No — this is one of the key advantages over antihistamine sleep aids like diphenhydramine (Benadryl PM, ZzzQuil). Magnesium does not produce next-day sedation or grogginess. It supports natural sleep mechanisms rather than forcing sedation chemically. In fact, the 2024 L-threonate RCT specifically found improved daytime functioning alongside better sleep — the opposite of the grogginess pattern seen with conventional sleep aids.
Q: Is Natural Vitality Calm the same as magnesium glycinate?

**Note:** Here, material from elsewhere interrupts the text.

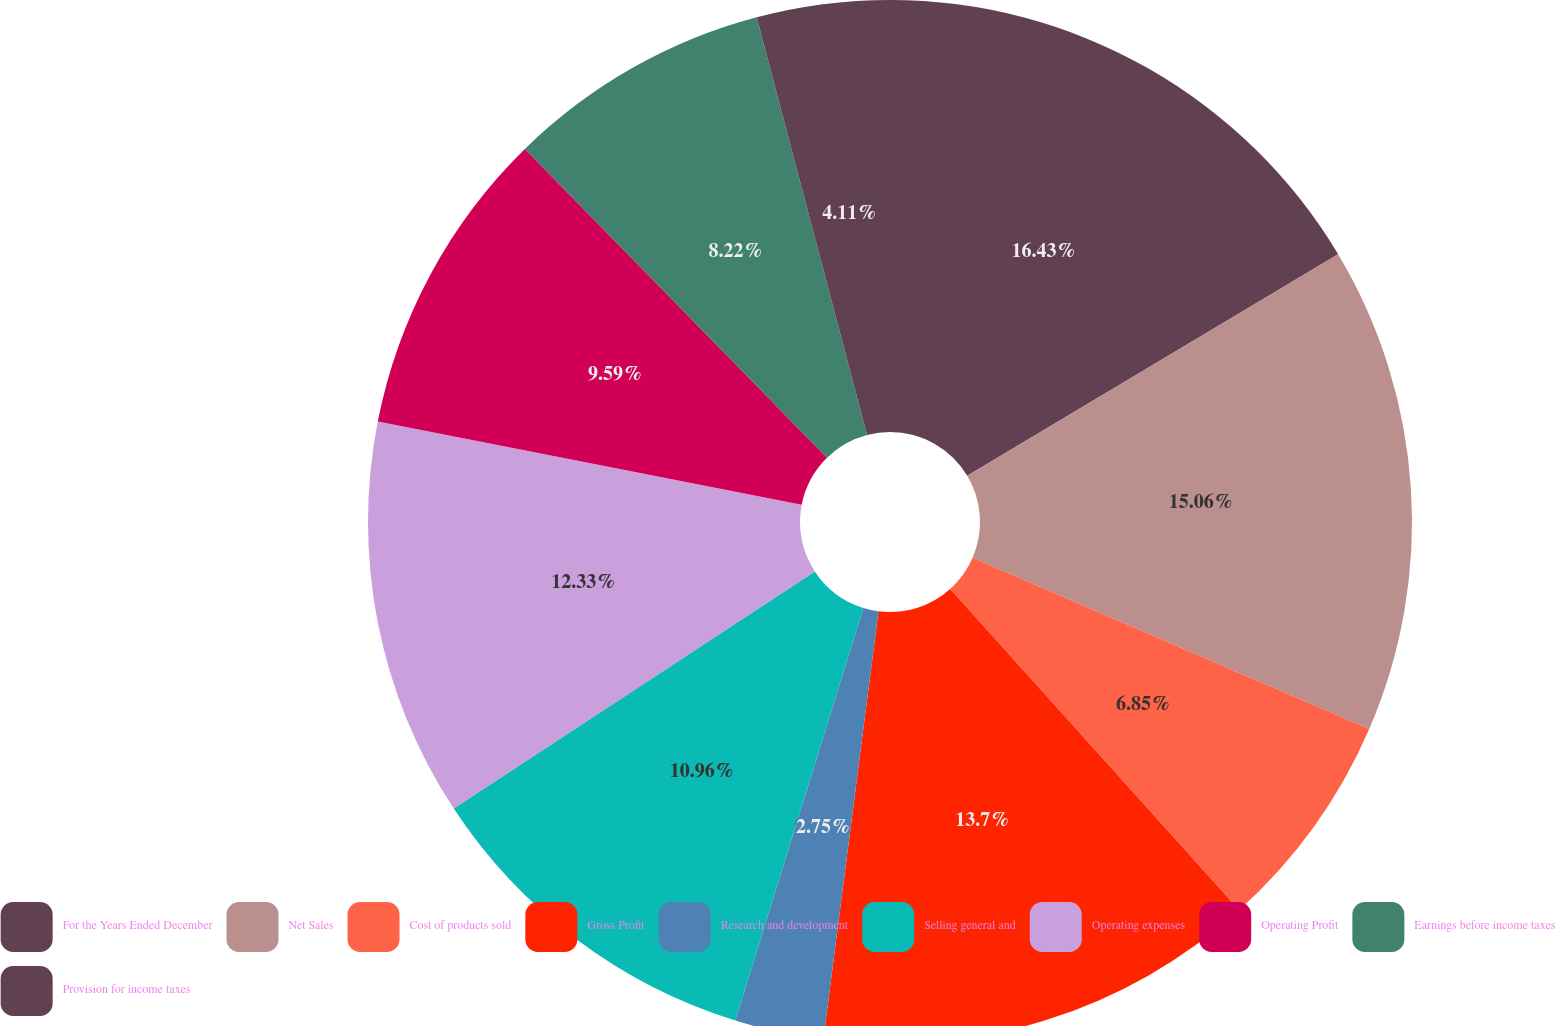Convert chart. <chart><loc_0><loc_0><loc_500><loc_500><pie_chart><fcel>For the Years Ended December<fcel>Net Sales<fcel>Cost of products sold<fcel>Gross Profit<fcel>Research and development<fcel>Selling general and<fcel>Operating expenses<fcel>Operating Profit<fcel>Earnings before income taxes<fcel>Provision for income taxes<nl><fcel>16.43%<fcel>15.06%<fcel>6.85%<fcel>13.7%<fcel>2.75%<fcel>10.96%<fcel>12.33%<fcel>9.59%<fcel>8.22%<fcel>4.11%<nl></chart>

No. Natural Vitality Calm uses magnesium citrate, not glycinate. Citrate is well-absorbed but can cause loose stools at higher doses — glycinate does not. Citrate also does not contain glycine, so it does not provide the same calming amino acid benefit. The main advantage of Natural Vitality Calm is its format — the powder drink ritual can be a helpful behavioral cue for winding down. For pure sleep support efficacy, glycinate or L-threonate are the stronger choices.
Sources & Citations
| # | Source | Type | URL |
| 1 | Schuster et al. — Magnesium Bisglycinate Supplementation and Sleep Quality: RCT, Nature and Science of Sleep, PMC 2025 | Peer-Reviewed / RCT | pmc.ncbi.nlm.nih.gov/articles/PMC12412596/ |
| 2 | Hausenblas et al. — Magnesium L-Threonate Improves Sleep Quality and Daytime Functioning: RCT, Sleep Medicine X 2024 | Peer-Reviewed / RCT | pubmed.ncbi.nlm.nih.gov/39252819/ |
| 3 | Abbasi et al. — Magnesium Supplementation on Primary Insomnia in Elderly, Journal of Research in Medical Sciences 2012 | Peer-Reviewed / RCT | pmc.ncbi.nlm.nih.gov/articles/PMC3703169/ |
| 4 | Arab et al. — Role of Magnesium in Sleep Health: Systematic Review, Biological Trace Element Research 2023 | Peer-Reviewed / Systematic Review | pubmed.ncbi.nlm.nih.gov/35184264/ |
| 5 | NIH Office of Dietary Supplements — Magnesium Fact Sheet for Health Professionals, Updated January 2026 | Government / Tier 1 | ods.od.nih.gov/factsheets/Magnesium-HealthProfessional/ |
| 6 | Zhang et al. — Association of Magnesium Intake with Sleep Duration and Quality: CARDIA Study, Sleep 2022 | Peer-Reviewed / Observational | pubmed.ncbi.nlm.nih.gov/34883514/ |
| 7 | Miner & Kryger — Sleep in the Aging Population, Sleep Medicine Clinics 2017 | Peer-Reviewed / Review | pmc.ncbi.nlm.nih.gov/articles/PMC5300306/ |
| 8 | Sports Research Magtein Launches at Costco, PR Newswire January 2025 | Retail Reference | prnewswire.com/news-releases/sports-research-magtein-magnesium-l-threonate-launches-at-costco |
* These statements have not been evaluated by the Food and Drug Administration. These products are not intended to diagnose, treat, cure, or prevent any disease. Always consult your physician before starting any new supplement, especially if you have kidney disease or take prescription medications.